--- Records to process Enclosed Below ---
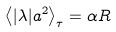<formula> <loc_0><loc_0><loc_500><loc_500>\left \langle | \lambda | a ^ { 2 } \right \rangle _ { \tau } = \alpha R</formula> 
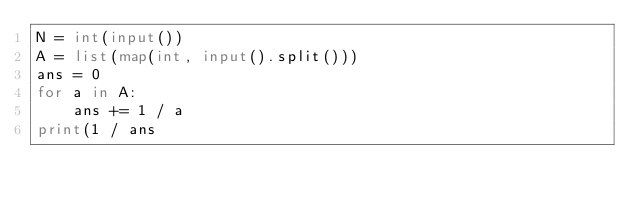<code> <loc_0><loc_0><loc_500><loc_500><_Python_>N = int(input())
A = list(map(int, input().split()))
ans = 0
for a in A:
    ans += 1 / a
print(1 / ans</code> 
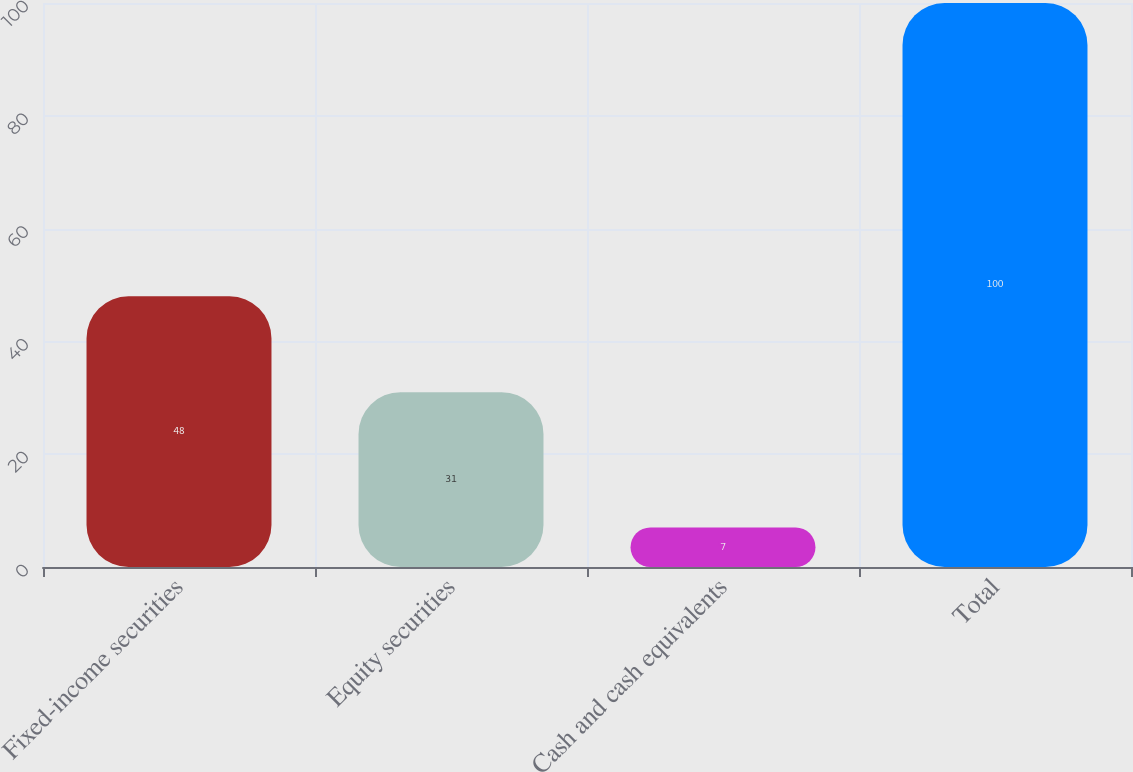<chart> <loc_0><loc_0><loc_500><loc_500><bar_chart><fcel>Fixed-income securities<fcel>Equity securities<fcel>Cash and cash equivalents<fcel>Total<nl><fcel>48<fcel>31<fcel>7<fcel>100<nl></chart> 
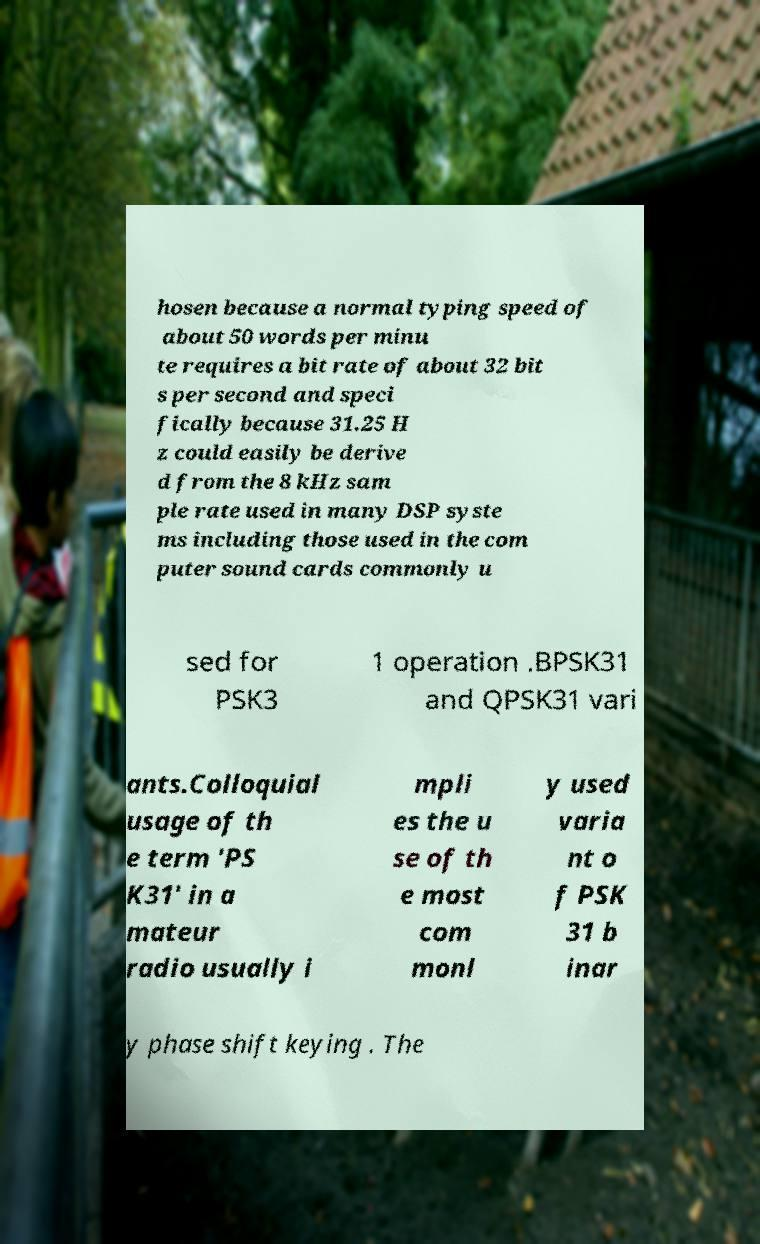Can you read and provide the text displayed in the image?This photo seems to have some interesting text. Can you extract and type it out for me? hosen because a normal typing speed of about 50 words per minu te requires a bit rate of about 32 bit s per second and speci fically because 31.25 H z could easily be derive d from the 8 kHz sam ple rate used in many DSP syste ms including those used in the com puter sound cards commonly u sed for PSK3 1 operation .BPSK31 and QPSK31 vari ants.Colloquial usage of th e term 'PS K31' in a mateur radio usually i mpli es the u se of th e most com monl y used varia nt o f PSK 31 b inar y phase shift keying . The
--- End of Enclosed Records to process ---
--- Records to process Enclosed Below ---
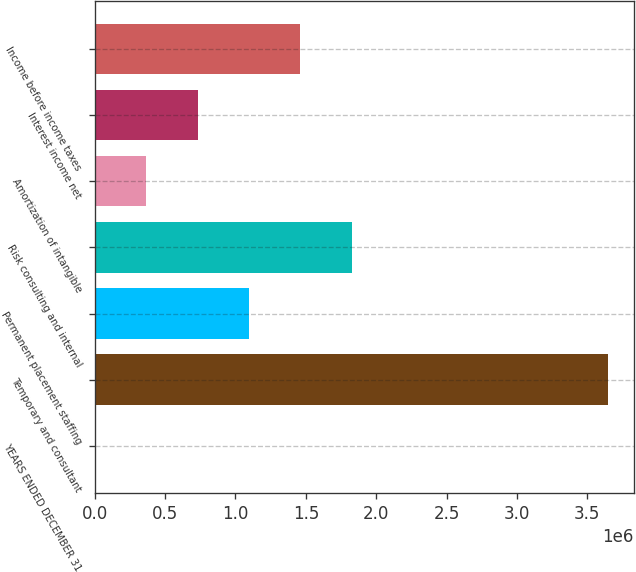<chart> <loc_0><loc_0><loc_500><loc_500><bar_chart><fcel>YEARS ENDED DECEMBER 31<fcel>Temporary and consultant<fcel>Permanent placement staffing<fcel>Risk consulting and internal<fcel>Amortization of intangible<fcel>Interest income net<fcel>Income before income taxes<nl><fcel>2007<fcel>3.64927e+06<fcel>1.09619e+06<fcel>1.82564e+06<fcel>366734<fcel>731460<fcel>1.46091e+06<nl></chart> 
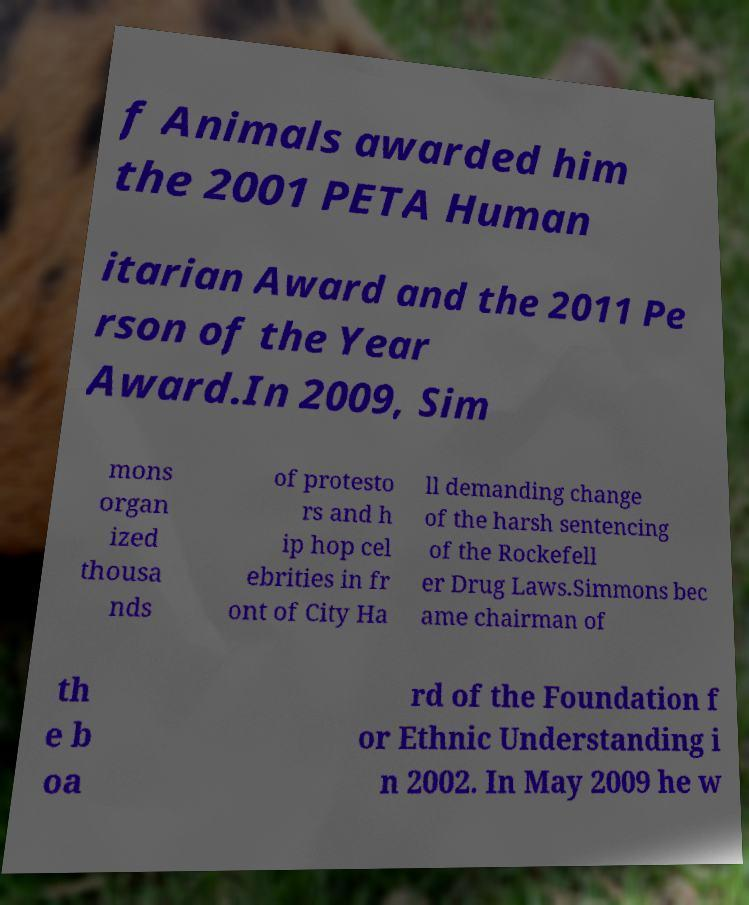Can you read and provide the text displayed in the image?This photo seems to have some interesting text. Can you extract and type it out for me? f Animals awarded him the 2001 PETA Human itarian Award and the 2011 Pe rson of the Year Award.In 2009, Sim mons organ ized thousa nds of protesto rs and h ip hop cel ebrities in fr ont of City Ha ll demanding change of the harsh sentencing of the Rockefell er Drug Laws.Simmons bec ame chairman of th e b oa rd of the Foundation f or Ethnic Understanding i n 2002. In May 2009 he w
--- End of Enclosed Records to process ---
--- Records to process Enclosed Below ---
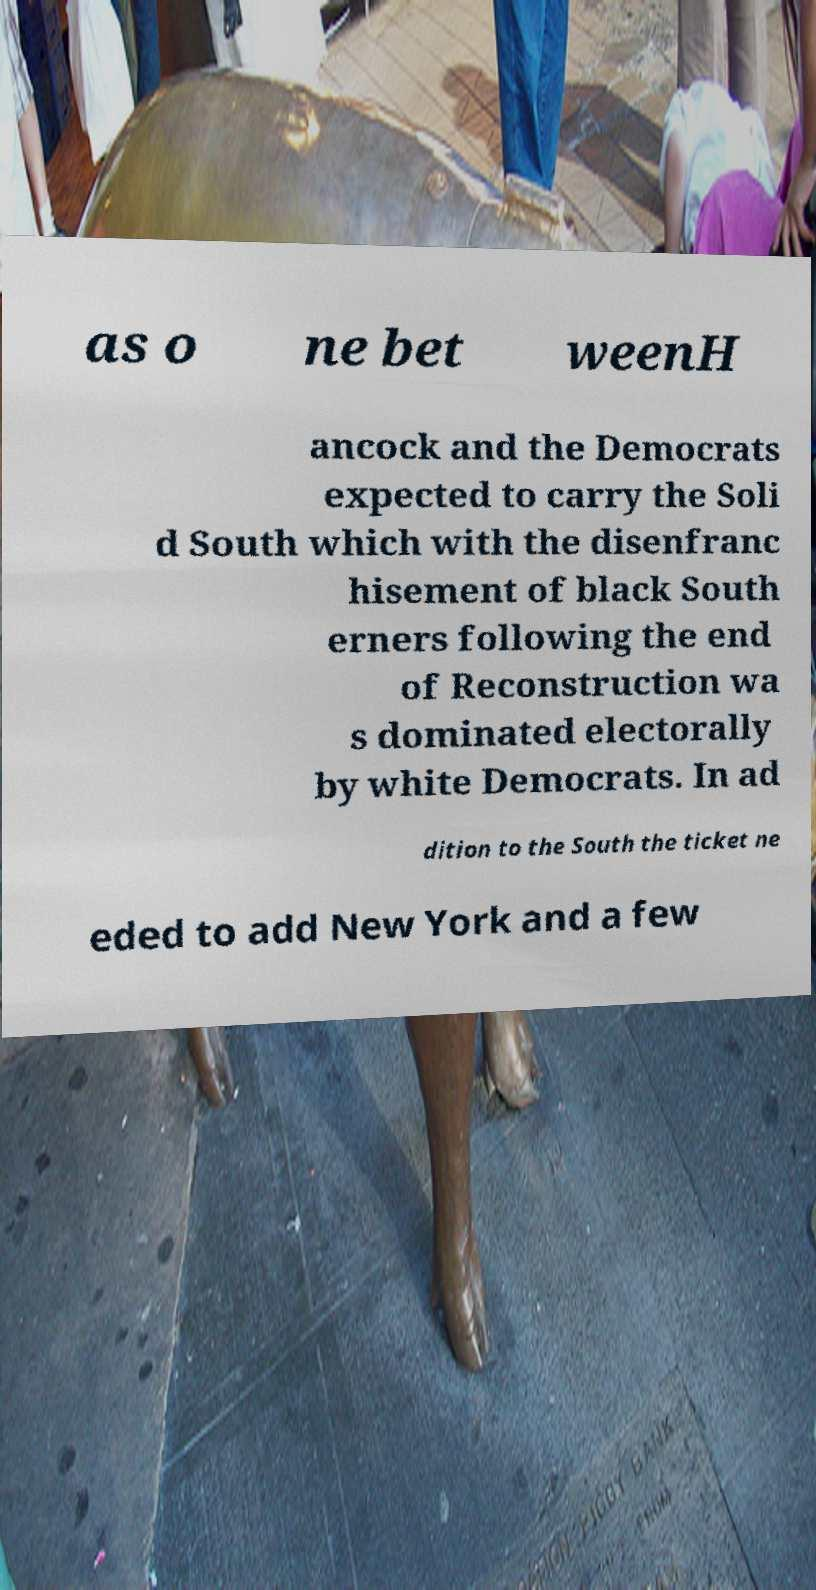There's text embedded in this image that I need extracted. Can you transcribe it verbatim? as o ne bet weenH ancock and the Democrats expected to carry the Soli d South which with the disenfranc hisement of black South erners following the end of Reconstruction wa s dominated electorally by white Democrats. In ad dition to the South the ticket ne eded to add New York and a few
--- End of Enclosed Records to process ---
§ **Instructions for the task**: Using the entries above, transcribe every line from the line containing "<formula> <loc_0><loc_0><loc_500><loc_500>\left \langle" through the line containing "securities<fcel>Equity securities<fcel>Cash and". Do not copy pictures.

§ **Task solution**:
<formula> <loc_0><loc_0><loc_500><loc_500>\left \langle | \lambda | a ^ { 2 } \right \rangle _ { \tau } = \alpha R</formula> 
<code> <loc_0><loc_0><loc_500><loc_500><_Python_>N = int(input())
A = list(map(int, input().split()))
ans = 0
for a in A:
    ans += 1 / a
print(1 / ans</code> 
<chart> <loc_0><loc_0><loc_500><loc_500><bar_chart><fcel>Fixed-income securities<fcel>Equity securities<fcel>Cash and cash equivalents<fcel>Total<nl><fcel>48<fcel>31<fcel>7<fcel>100<nl></chart> 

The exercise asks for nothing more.